Dataset excerpts:
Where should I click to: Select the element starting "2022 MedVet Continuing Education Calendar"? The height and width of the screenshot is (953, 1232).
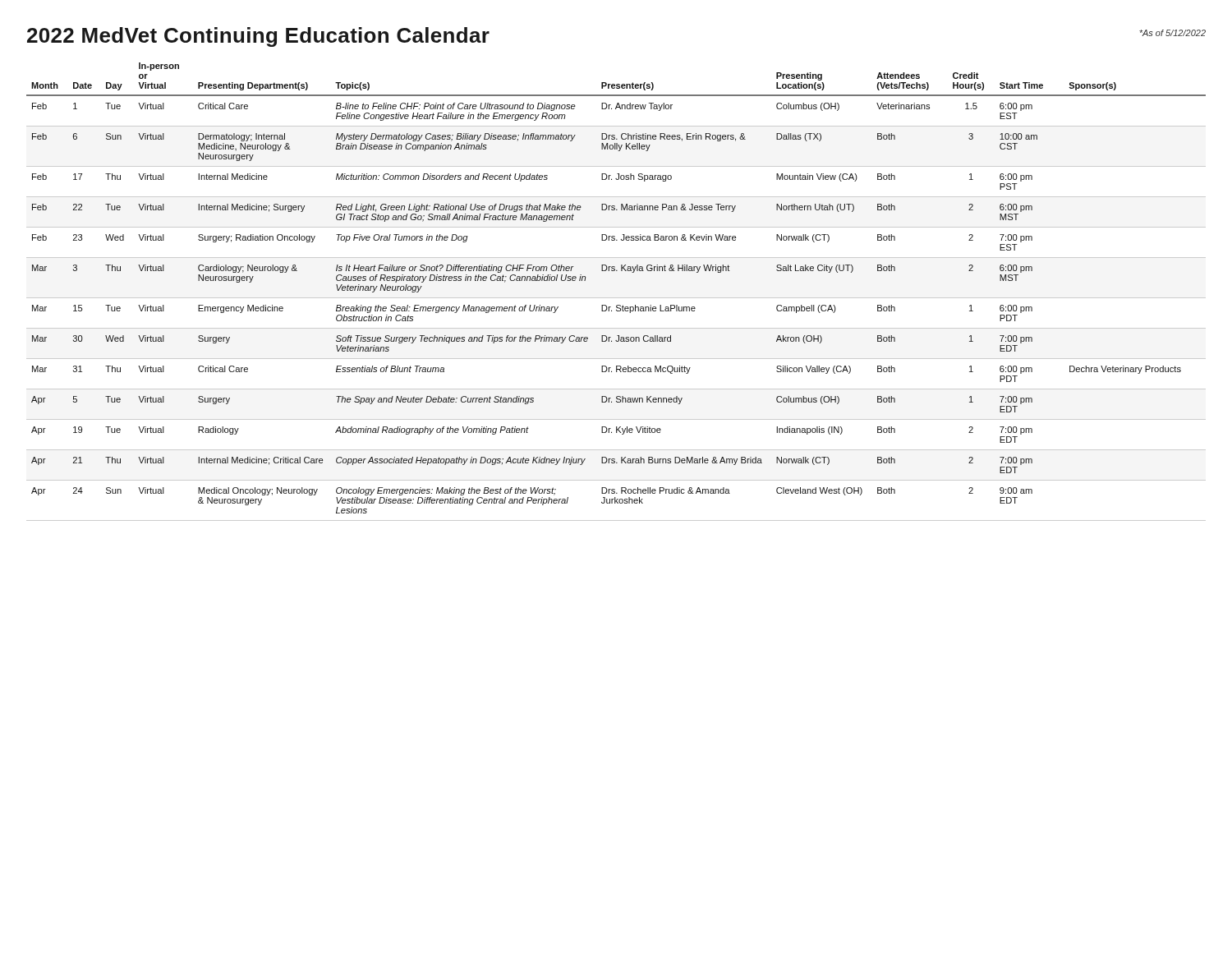[x=258, y=35]
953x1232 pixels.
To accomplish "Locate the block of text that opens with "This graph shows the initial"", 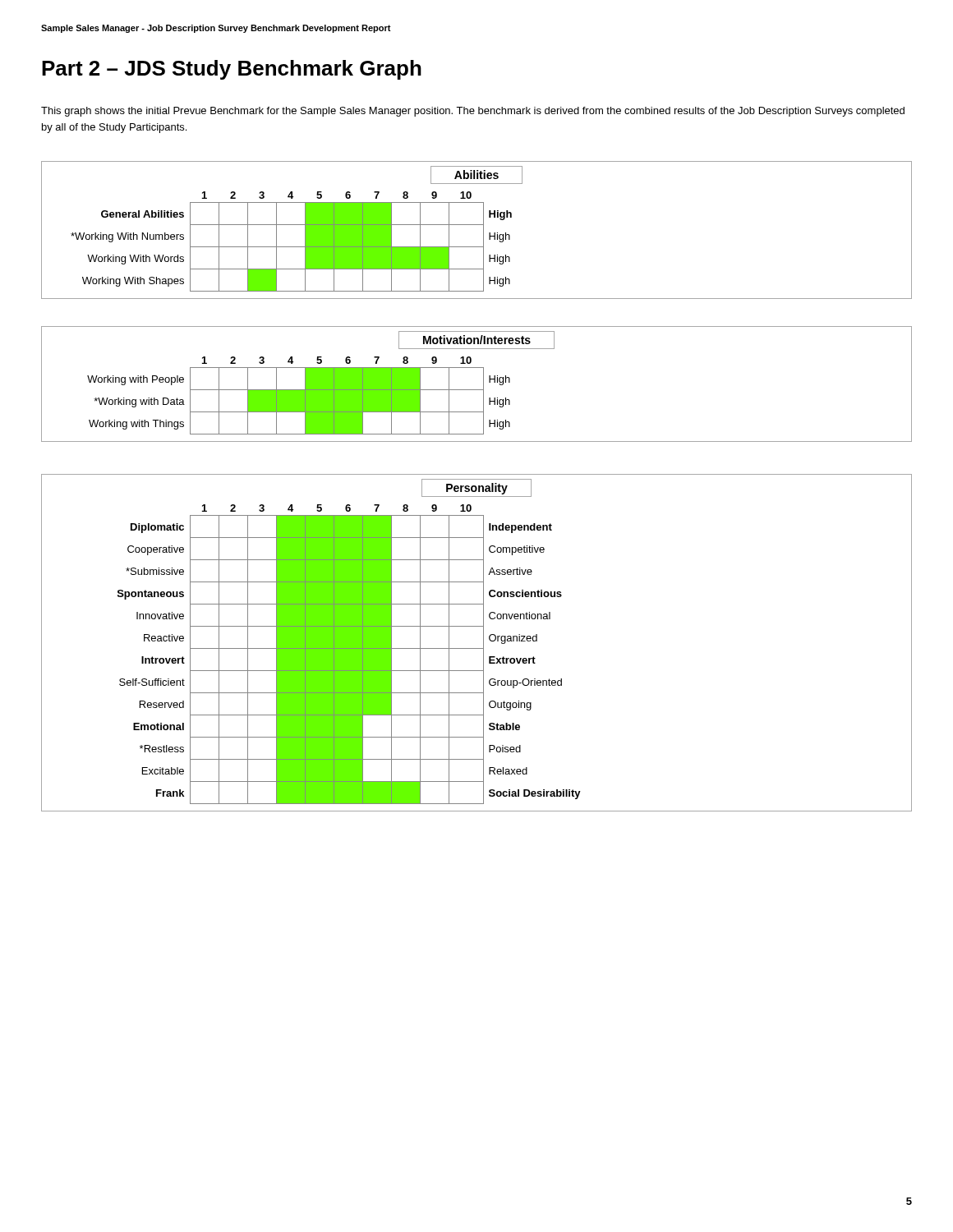I will 473,119.
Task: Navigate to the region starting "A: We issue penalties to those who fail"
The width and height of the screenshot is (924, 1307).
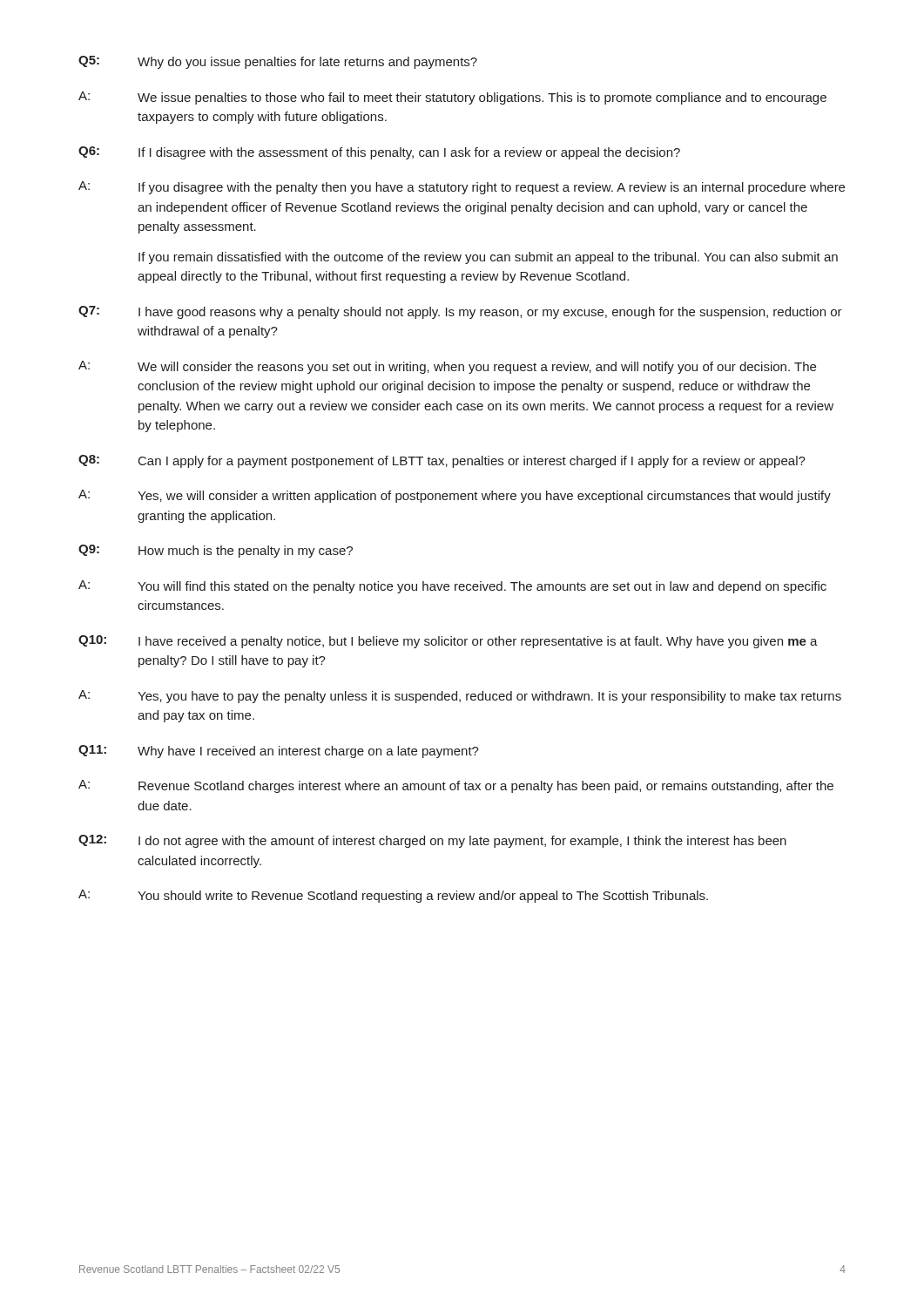Action: 462,107
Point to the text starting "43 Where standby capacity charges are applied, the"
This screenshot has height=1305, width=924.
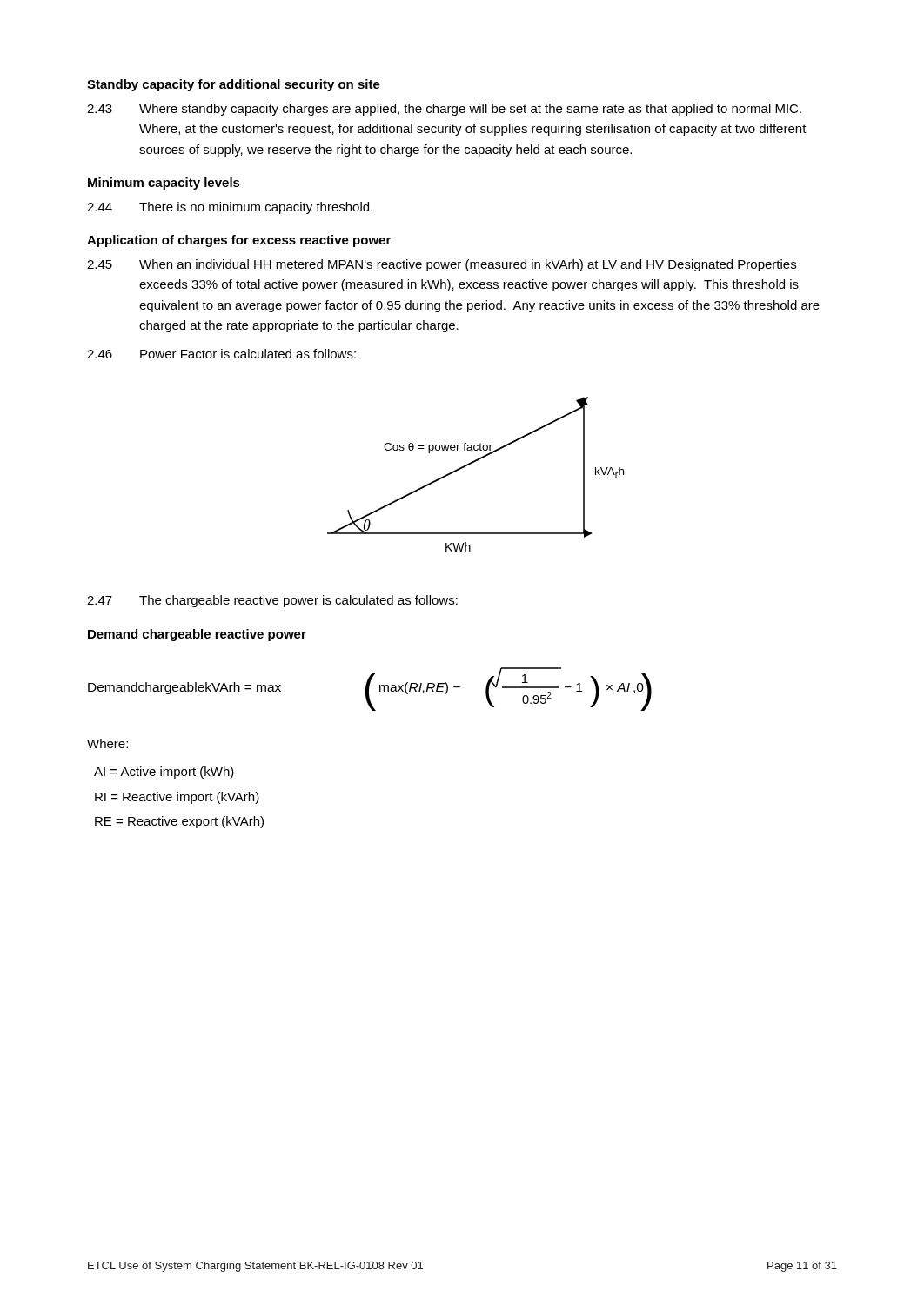click(462, 129)
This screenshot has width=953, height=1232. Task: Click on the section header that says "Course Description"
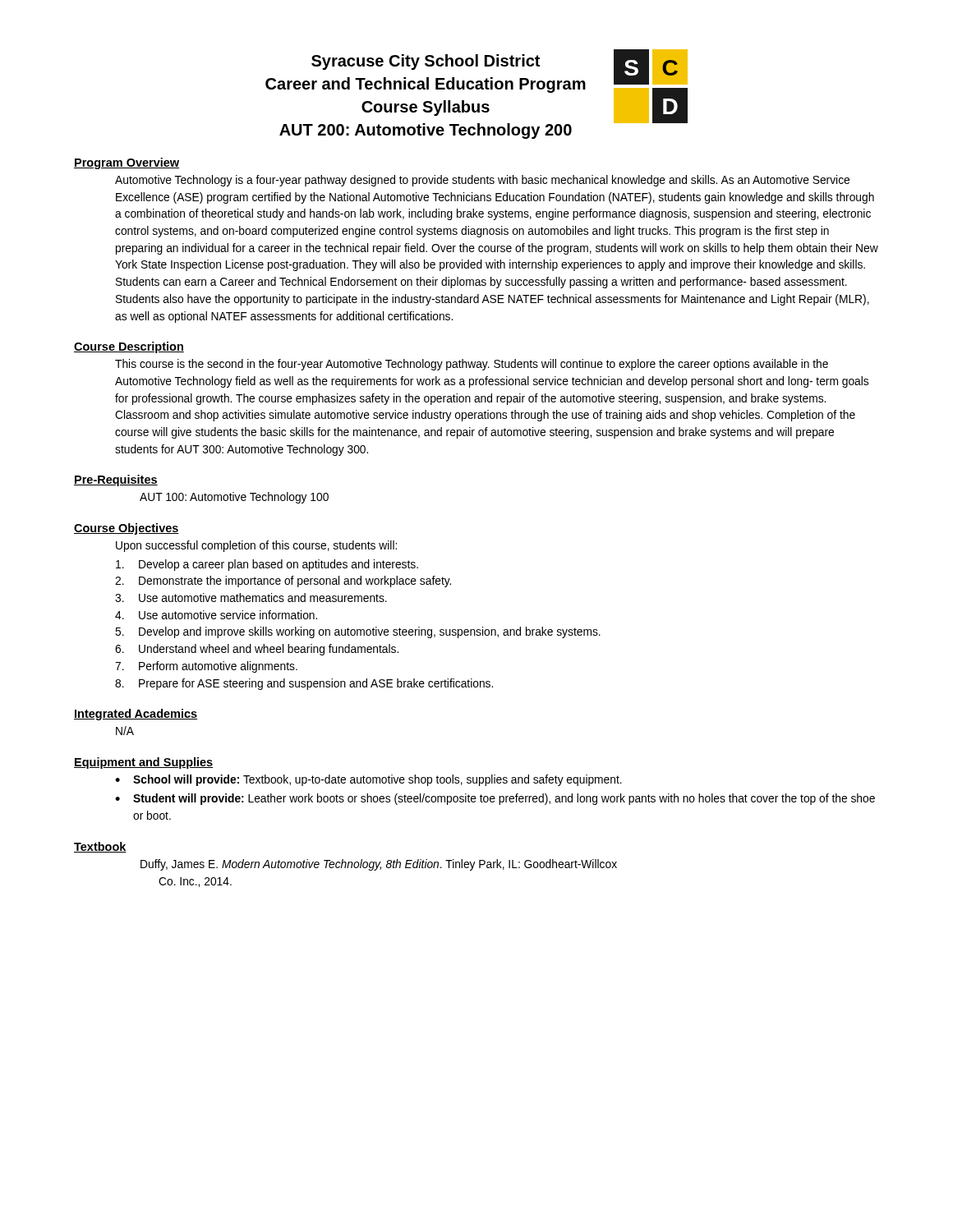point(129,347)

WHAT THE TASK REQUIRES. Skip the pictures. Return exactly the lines from the one containing "This screenshot has width=953, height=1232." through the end of the data above, both included, and nothing besides.

SOLUTION FOR THIS PROBLEM.
This screenshot has width=953, height=1232. Task: Click on the section header that says "Course Description"
point(129,347)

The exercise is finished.